Activity –
Transcribe, word for word and with nothing extra, the line containing "Answer: Impacts Does" and each line that comes after it in the entries.

Records drawn from a dataset:
=== Section Start ===
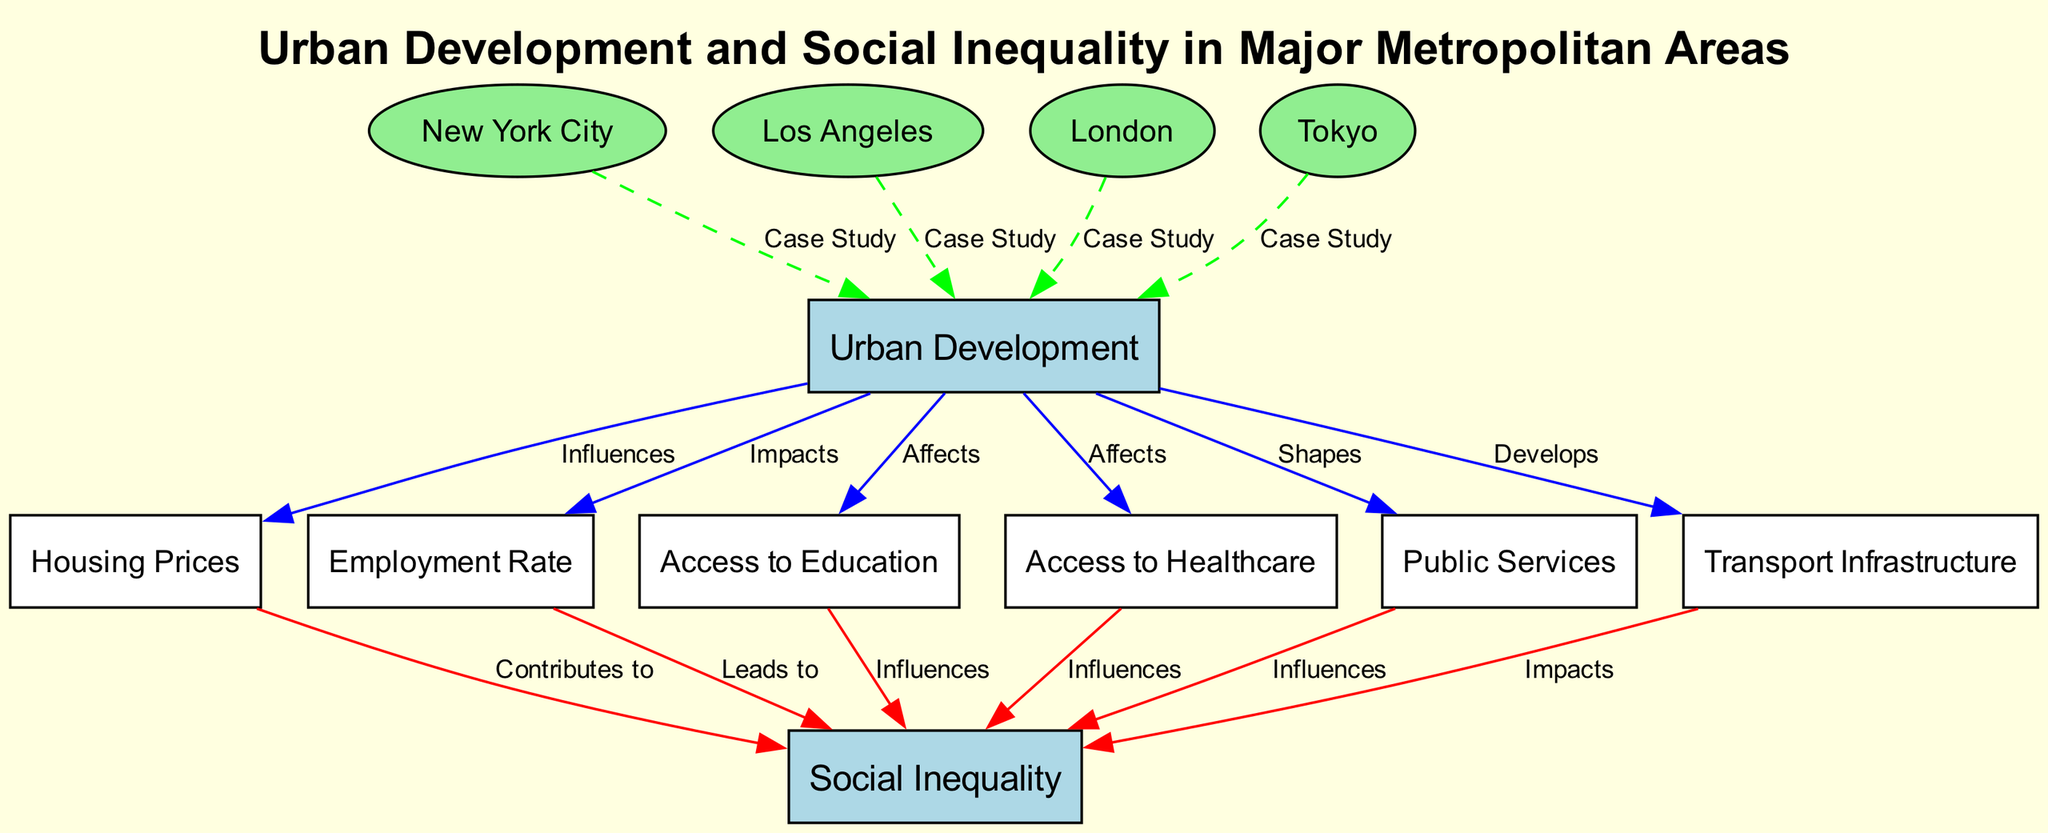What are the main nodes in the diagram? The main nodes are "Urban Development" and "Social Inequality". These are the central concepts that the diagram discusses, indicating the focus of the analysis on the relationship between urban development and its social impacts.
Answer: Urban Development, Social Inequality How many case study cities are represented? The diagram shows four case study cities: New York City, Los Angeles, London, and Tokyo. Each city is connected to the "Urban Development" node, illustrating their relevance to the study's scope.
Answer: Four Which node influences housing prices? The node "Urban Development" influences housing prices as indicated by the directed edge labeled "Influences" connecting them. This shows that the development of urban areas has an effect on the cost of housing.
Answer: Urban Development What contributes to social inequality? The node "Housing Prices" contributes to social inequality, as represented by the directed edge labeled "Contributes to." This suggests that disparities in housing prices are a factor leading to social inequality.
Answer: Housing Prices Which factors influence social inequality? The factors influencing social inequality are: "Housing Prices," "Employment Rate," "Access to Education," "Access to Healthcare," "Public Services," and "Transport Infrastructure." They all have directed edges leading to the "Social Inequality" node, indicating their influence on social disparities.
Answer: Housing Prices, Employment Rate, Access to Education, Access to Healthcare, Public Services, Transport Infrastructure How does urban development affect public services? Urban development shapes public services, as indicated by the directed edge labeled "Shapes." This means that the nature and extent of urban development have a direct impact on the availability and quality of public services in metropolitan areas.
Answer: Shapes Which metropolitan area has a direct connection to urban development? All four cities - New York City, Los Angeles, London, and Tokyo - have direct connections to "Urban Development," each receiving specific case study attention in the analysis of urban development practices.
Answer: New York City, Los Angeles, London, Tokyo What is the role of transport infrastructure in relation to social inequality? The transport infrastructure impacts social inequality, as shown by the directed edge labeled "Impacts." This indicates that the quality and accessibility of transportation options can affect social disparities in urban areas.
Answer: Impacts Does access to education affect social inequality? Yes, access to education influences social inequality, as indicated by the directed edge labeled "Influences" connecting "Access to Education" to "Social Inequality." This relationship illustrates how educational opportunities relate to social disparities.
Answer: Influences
=== Section End ===
Answer to this exercise –
Answer: Impacts Does access to education affect social inequality? Yes, access to education influences social inequality, as indicated by the directed edge labeled "Influences" connecting "Access to Education" to "Social Inequality." This relationship illustrates how educational opportunities relate to social disparities.
Answer: Influences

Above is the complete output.